The primary headwinds faced by emerging economies are widespread central bank tightening and the simultaneous slowing of growth in the United States, the euro area, and China.
Emerging Europe is most at risk of recession.
Further out, markets are pricing interest rate cuts to counter slowed economies—most aggressively in emerging Europe but in Latin America as well.
Although higher commodities prices do benefit some emerging economies, they're a negative in the aggregate.
Big Fed rate hike coming in September?
The Fed raised the target for its federal funds rate by 75 basis points on July 27, to a range of 2.25% to 2.50%, and said such an "unusually large" rate increase may be appropriate again in September to bring inflation under control.
Vanguard expects the Fed to increase its federal funds rate target to a range of 3.25% to 3.75% by the end of the year, from a target of 0% to 0.25% at the start of the year.
We continue to expect a terminal rate of at least 4% in 2023 to get inflation under control. That would put the policy rate well above the Fed's assessment of the neutral rate, which Fed Chair Jerome Powell said was around the Fed’s new rate target. (The neutral rate is the theoretical monetary policy rate that would neither stimulate nor restrict economic activity.)
Inflation continues at high levels
Consumer prices in the United States, as measured by the Consumer Price Index (CPI), were unchanged on a seasonally adjusted basis in July. On a year-over-year basis, prices were up 8.5% in July, down from 9.1% the month before.

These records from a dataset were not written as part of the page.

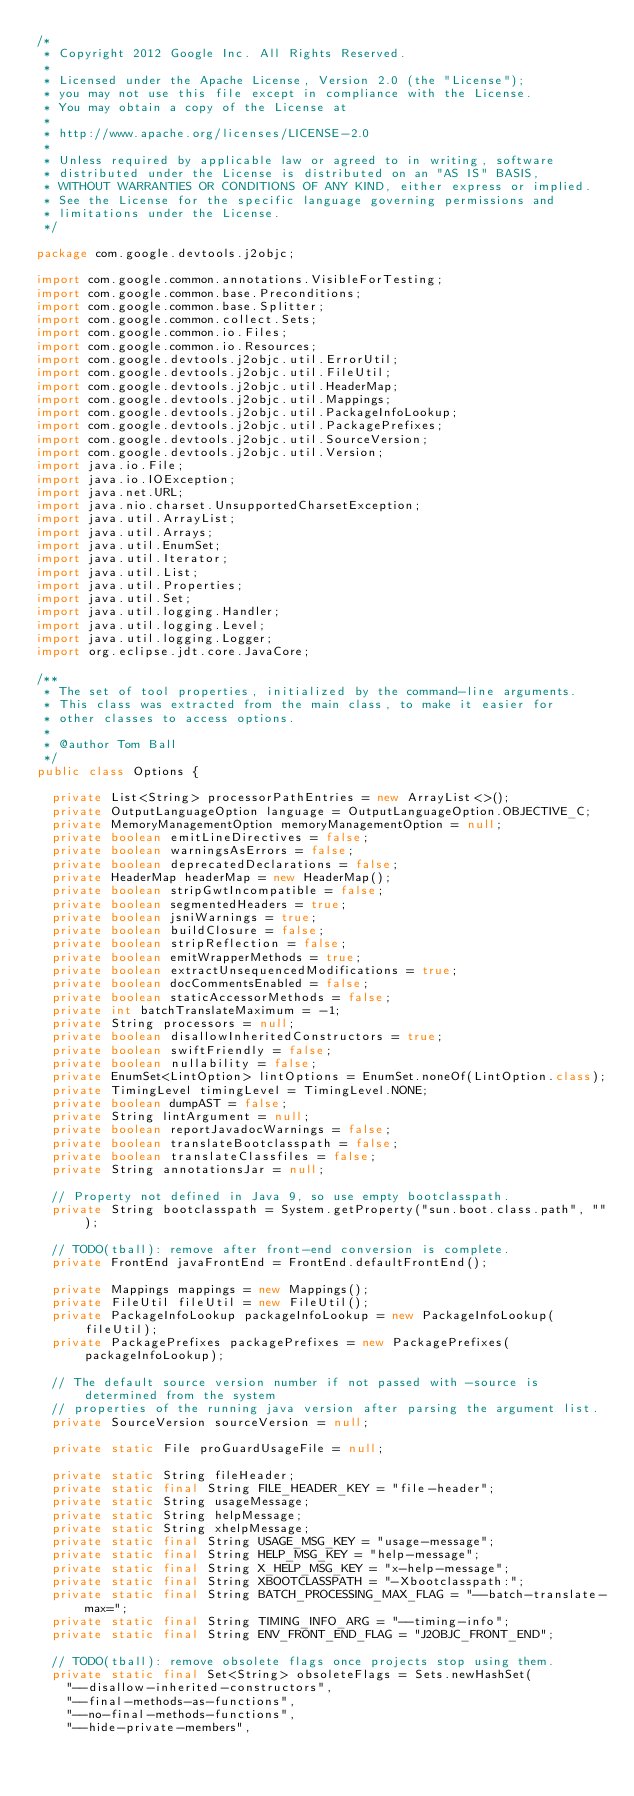Convert code to text. <code><loc_0><loc_0><loc_500><loc_500><_Java_>/*
 * Copyright 2012 Google Inc. All Rights Reserved.
 *
 * Licensed under the Apache License, Version 2.0 (the "License");
 * you may not use this file except in compliance with the License.
 * You may obtain a copy of the License at
 *
 * http://www.apache.org/licenses/LICENSE-2.0
 *
 * Unless required by applicable law or agreed to in writing, software
 * distributed under the License is distributed on an "AS IS" BASIS,
 * WITHOUT WARRANTIES OR CONDITIONS OF ANY KIND, either express or implied.
 * See the License for the specific language governing permissions and
 * limitations under the License.
 */

package com.google.devtools.j2objc;

import com.google.common.annotations.VisibleForTesting;
import com.google.common.base.Preconditions;
import com.google.common.base.Splitter;
import com.google.common.collect.Sets;
import com.google.common.io.Files;
import com.google.common.io.Resources;
import com.google.devtools.j2objc.util.ErrorUtil;
import com.google.devtools.j2objc.util.FileUtil;
import com.google.devtools.j2objc.util.HeaderMap;
import com.google.devtools.j2objc.util.Mappings;
import com.google.devtools.j2objc.util.PackageInfoLookup;
import com.google.devtools.j2objc.util.PackagePrefixes;
import com.google.devtools.j2objc.util.SourceVersion;
import com.google.devtools.j2objc.util.Version;
import java.io.File;
import java.io.IOException;
import java.net.URL;
import java.nio.charset.UnsupportedCharsetException;
import java.util.ArrayList;
import java.util.Arrays;
import java.util.EnumSet;
import java.util.Iterator;
import java.util.List;
import java.util.Properties;
import java.util.Set;
import java.util.logging.Handler;
import java.util.logging.Level;
import java.util.logging.Logger;
import org.eclipse.jdt.core.JavaCore;

/**
 * The set of tool properties, initialized by the command-line arguments.
 * This class was extracted from the main class, to make it easier for
 * other classes to access options.
 *
 * @author Tom Ball
 */
public class Options {

  private List<String> processorPathEntries = new ArrayList<>();
  private OutputLanguageOption language = OutputLanguageOption.OBJECTIVE_C;
  private MemoryManagementOption memoryManagementOption = null;
  private boolean emitLineDirectives = false;
  private boolean warningsAsErrors = false;
  private boolean deprecatedDeclarations = false;
  private HeaderMap headerMap = new HeaderMap();
  private boolean stripGwtIncompatible = false;
  private boolean segmentedHeaders = true;
  private boolean jsniWarnings = true;
  private boolean buildClosure = false;
  private boolean stripReflection = false;
  private boolean emitWrapperMethods = true;
  private boolean extractUnsequencedModifications = true;
  private boolean docCommentsEnabled = false;
  private boolean staticAccessorMethods = false;
  private int batchTranslateMaximum = -1;
  private String processors = null;
  private boolean disallowInheritedConstructors = true;
  private boolean swiftFriendly = false;
  private boolean nullability = false;
  private EnumSet<LintOption> lintOptions = EnumSet.noneOf(LintOption.class);
  private TimingLevel timingLevel = TimingLevel.NONE;
  private boolean dumpAST = false;
  private String lintArgument = null;
  private boolean reportJavadocWarnings = false;
  private boolean translateBootclasspath = false;
  private boolean translateClassfiles = false;
  private String annotationsJar = null;

  // Property not defined in Java 9, so use empty bootclasspath.
  private String bootclasspath = System.getProperty("sun.boot.class.path", "");

  // TODO(tball): remove after front-end conversion is complete.
  private FrontEnd javaFrontEnd = FrontEnd.defaultFrontEnd();

  private Mappings mappings = new Mappings();
  private FileUtil fileUtil = new FileUtil();
  private PackageInfoLookup packageInfoLookup = new PackageInfoLookup(fileUtil);
  private PackagePrefixes packagePrefixes = new PackagePrefixes(packageInfoLookup);

  // The default source version number if not passed with -source is determined from the system
  // properties of the running java version after parsing the argument list.
  private SourceVersion sourceVersion = null;

  private static File proGuardUsageFile = null;

  private static String fileHeader;
  private static final String FILE_HEADER_KEY = "file-header";
  private static String usageMessage;
  private static String helpMessage;
  private static String xhelpMessage;
  private static final String USAGE_MSG_KEY = "usage-message";
  private static final String HELP_MSG_KEY = "help-message";
  private static final String X_HELP_MSG_KEY = "x-help-message";
  private static final String XBOOTCLASSPATH = "-Xbootclasspath:";
  private static final String BATCH_PROCESSING_MAX_FLAG = "--batch-translate-max=";
  private static final String TIMING_INFO_ARG = "--timing-info";
  private static final String ENV_FRONT_END_FLAG = "J2OBJC_FRONT_END";

  // TODO(tball): remove obsolete flags once projects stop using them.
  private static final Set<String> obsoleteFlags = Sets.newHashSet(
    "--disallow-inherited-constructors",
    "--final-methods-as-functions",
    "--no-final-methods-functions",
    "--hide-private-members",</code>

Core CPI, which excludes food and energy prices, was 5.9% higher than in July 2021, matching its pace in June and 0.5 percentage point below its March peak.
Core personal consumption expenditures (PCE), the Fed's preferred inflation indicator in considering monetary policy, rose 0.6% in June, ending a fourth-month run of 0.3% readings. It rose 4.8% compared with a year earlier, ending three straight months of deceleration.
We expect core PCE to ease toward 4% by year-end.
Job numbers exceed expectations
The labor market in the United States crushed expectations, adding 528,000 jobs in July.
The unemployment rate edged 0.1 percentage point lower, matching the 3.5% pre-pandemic rate of February 2020.
Vanguard believes that structural constraints on labor supply (such as an increased rate of retirements, decreased immigration, and changing job preferences) limit near-term risks to the labor market.